Using UTF-8 literals

Two types of UTF-8 literals are supported:
  1. Basic UTF-8 literal:
    • u'character-data'
      • character-data is converted from EBCDIC to UTF-8.
      • character-data may contain double-byte EBCDIC characters, but those characters must be delimited by shift-out and shift-in characters.
      • The maximum number of Unicode code points that can be represented in a basic UTF-8 literal can vary depending on the size of each UTF-8 character. However, before truncation occurs, a maximum of 160 bytes after UTF-8 conversion is allowed.

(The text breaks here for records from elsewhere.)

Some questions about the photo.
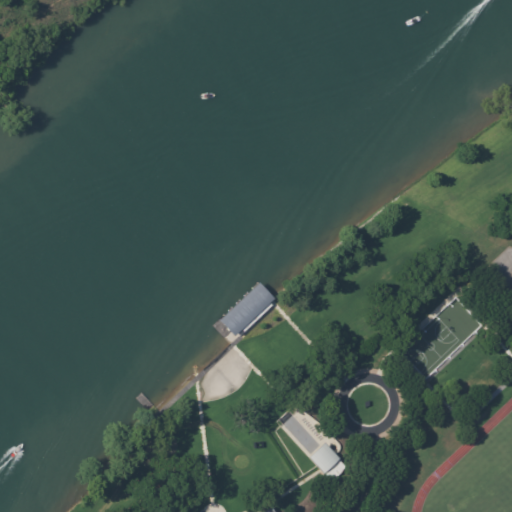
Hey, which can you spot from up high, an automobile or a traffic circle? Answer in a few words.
traffic circle
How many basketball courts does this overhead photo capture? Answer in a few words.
1
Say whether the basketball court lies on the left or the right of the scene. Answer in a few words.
right
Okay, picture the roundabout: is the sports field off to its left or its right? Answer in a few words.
right of it
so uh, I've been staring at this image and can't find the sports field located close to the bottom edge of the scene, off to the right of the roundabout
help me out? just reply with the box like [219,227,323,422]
[422,410,512,512]
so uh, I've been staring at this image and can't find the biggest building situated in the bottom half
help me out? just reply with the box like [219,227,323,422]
[214,282,276,343]
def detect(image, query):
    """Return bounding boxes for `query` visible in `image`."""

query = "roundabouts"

[340,373,399,432]
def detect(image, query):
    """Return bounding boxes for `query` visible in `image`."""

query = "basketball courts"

[402,298,481,378]
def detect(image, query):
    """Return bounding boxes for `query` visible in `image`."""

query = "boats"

[12,448,22,460]
[404,16,421,26]
[200,93,216,100]
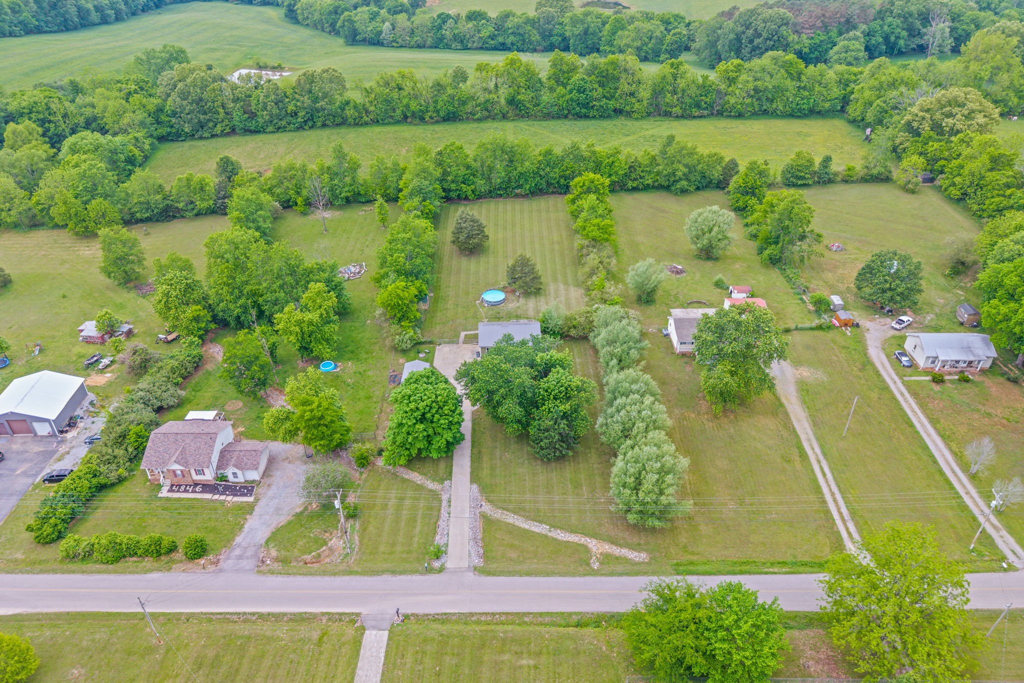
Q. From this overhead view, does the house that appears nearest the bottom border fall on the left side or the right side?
left
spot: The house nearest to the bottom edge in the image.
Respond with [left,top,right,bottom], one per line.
[139,420,271,489]
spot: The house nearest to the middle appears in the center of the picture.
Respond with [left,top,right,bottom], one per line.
[479,316,543,347]
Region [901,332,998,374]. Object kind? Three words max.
house
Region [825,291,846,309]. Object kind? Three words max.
vehicle
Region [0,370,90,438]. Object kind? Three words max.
building
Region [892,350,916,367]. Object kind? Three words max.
car
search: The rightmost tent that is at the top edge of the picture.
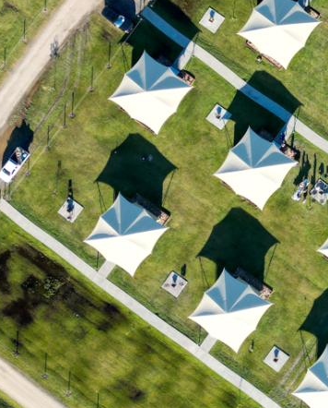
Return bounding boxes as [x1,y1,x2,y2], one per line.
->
[237,0,328,77]
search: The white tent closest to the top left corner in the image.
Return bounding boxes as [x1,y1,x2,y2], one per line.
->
[113,44,211,144]
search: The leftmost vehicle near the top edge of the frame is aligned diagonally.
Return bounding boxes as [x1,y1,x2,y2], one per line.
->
[102,5,133,31]
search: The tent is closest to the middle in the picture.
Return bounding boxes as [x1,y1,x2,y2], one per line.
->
[89,181,189,278]
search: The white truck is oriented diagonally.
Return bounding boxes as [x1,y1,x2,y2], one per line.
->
[0,149,28,180]
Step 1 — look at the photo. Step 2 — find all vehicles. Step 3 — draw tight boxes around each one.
[102,5,133,31]
[0,149,28,180]
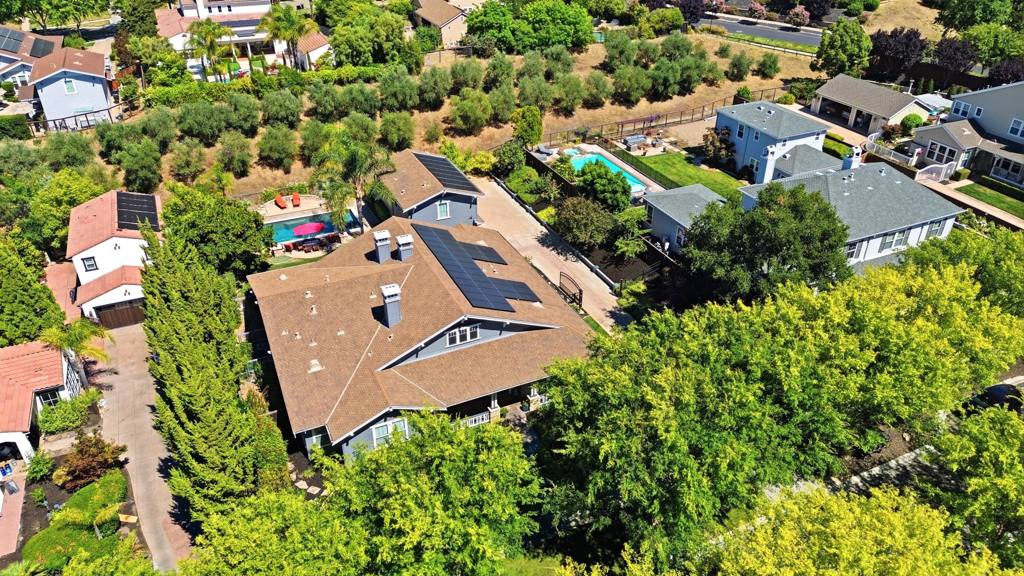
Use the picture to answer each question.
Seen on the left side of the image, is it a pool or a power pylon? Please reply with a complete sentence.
There is a pool on the left side of the image.
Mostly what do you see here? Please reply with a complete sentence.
The bulk of the photo consists of trees.
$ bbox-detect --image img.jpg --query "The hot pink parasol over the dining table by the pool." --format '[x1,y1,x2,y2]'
[291,220,324,247]
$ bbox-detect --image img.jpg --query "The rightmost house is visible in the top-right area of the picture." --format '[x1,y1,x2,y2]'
[911,82,1024,190]
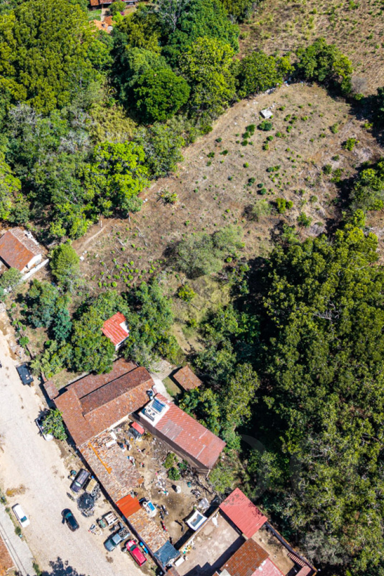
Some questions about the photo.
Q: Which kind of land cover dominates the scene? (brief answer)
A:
trees
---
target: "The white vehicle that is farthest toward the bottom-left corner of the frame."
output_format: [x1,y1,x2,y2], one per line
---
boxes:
[12,502,30,530]
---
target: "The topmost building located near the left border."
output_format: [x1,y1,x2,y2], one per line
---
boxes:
[0,229,44,278]
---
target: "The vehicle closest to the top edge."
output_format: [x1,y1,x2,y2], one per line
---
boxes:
[16,361,32,386]
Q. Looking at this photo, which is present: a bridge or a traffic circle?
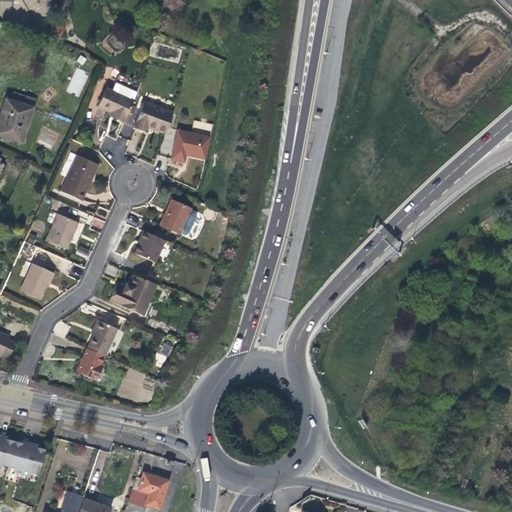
traffic circle
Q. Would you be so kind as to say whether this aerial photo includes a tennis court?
No
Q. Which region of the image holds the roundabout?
bottom
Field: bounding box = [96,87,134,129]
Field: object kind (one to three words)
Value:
house
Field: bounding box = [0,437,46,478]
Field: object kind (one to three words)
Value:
house
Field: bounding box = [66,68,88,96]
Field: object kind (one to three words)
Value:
shed
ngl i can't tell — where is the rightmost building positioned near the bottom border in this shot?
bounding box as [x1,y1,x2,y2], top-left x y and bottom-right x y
[128,472,170,510]
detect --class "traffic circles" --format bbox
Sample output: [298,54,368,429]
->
[180,348,325,505]

      • character-data can contain the following Unicode escape sequences:
        • \uhhhh, where each h represents a hexadecimal digit in the range ‘0’ to ‘9’, ‘a’ to ‘f’, and ‘A’ to ‘F’. This Unicode escape sequence represents a Unicode code point from the Basic Multilingual Plane (BMP) (that is, Unicode code points in the range U+0000 through U+FFFF).

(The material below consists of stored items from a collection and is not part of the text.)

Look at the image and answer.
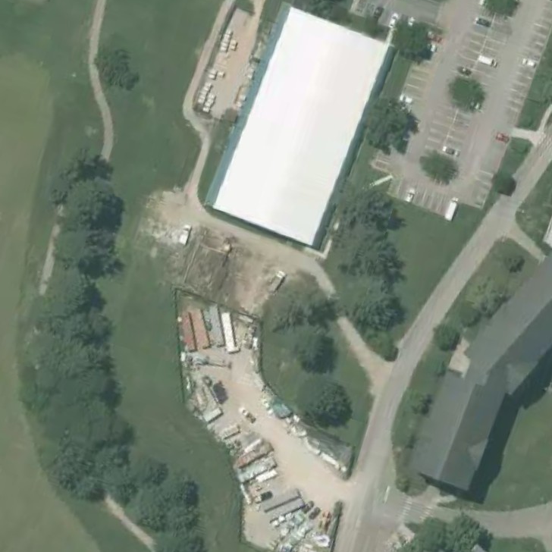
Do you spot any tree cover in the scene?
Yes
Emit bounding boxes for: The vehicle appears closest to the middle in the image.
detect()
[269,271,284,290]
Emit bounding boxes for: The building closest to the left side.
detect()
[200,6,397,250]
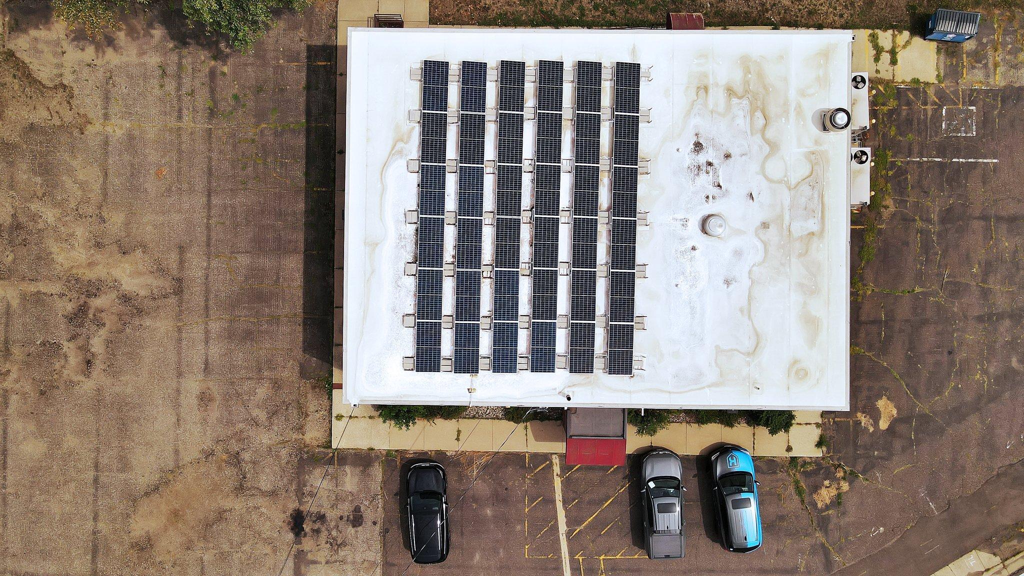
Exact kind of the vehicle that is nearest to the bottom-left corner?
automobile
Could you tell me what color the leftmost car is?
black
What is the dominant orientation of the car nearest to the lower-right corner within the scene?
up and down
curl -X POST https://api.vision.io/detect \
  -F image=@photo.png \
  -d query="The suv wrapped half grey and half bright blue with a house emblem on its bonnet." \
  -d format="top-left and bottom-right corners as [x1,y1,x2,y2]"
[707,443,762,554]
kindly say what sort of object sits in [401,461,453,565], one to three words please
car
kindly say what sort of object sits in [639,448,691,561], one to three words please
vehicle

        • \U00hhhhhh, where each h represents a hexadecimal digit in the range ‘0’ to ‘9’, ‘a’ to ‘f’, and ‘A’ to ‘F’. This Unicode escape sequence can represent any legal Unicode code point, including code points from the Supplementary Planes, i.e., Unicode code points in the range U+10000 through U+10FFFF (for example, an emoji symbol).
        Notes:
        • Code points U+D800 through U+DFFF are reserved for the high and low halves of surrogate pairs used by UTF-16. There is no legal encoding of these Unicode code points in UTF-8 and hence \uD800 through \uDFFF and \U0000D800 through \U0000DFFF cannot be specified as Unicode escape sequences in UTF-8 literals.
        • To avoid having a string of characters of the form \uhhhh or \U00hhhhhh in a UTF-8 literal to be interpreted as a Unicode escape sequence, the escape character ‘\’ can itself be escaped with ‘\’ in order to be interpreted literally. Thus, the sequence \\u00E9 will not be treated as a Unicode escape sequence.
      • Wherever a Unicode escape sequence appears in a basic UTF-8 literal, it is replaced by the compiler with the UTF-8 encoding for the Unicode code point corresponding to the escape sequence. This makes it convenient to represent general Unicode code points in the literal using only EBCDIC characters. For example, u’caf\u00E9’ represents the string ‘café’.
  2. Hexadecimal UTF-8 literal
    • ux'hexadecimal-digits'
      • hexadecimal-digits are converted to a sequence of bytes in order to be used verbatim as the UTF-8 literal value.
      • A minimum of 2 hexadecimal digits and up to a maximum of 320 hexadecimal digits are allowed.
        Note: The sequence of bytes represented by hexadecimal-digits is validated to ensure that it contains a legal sequence of UTF-8 bytes.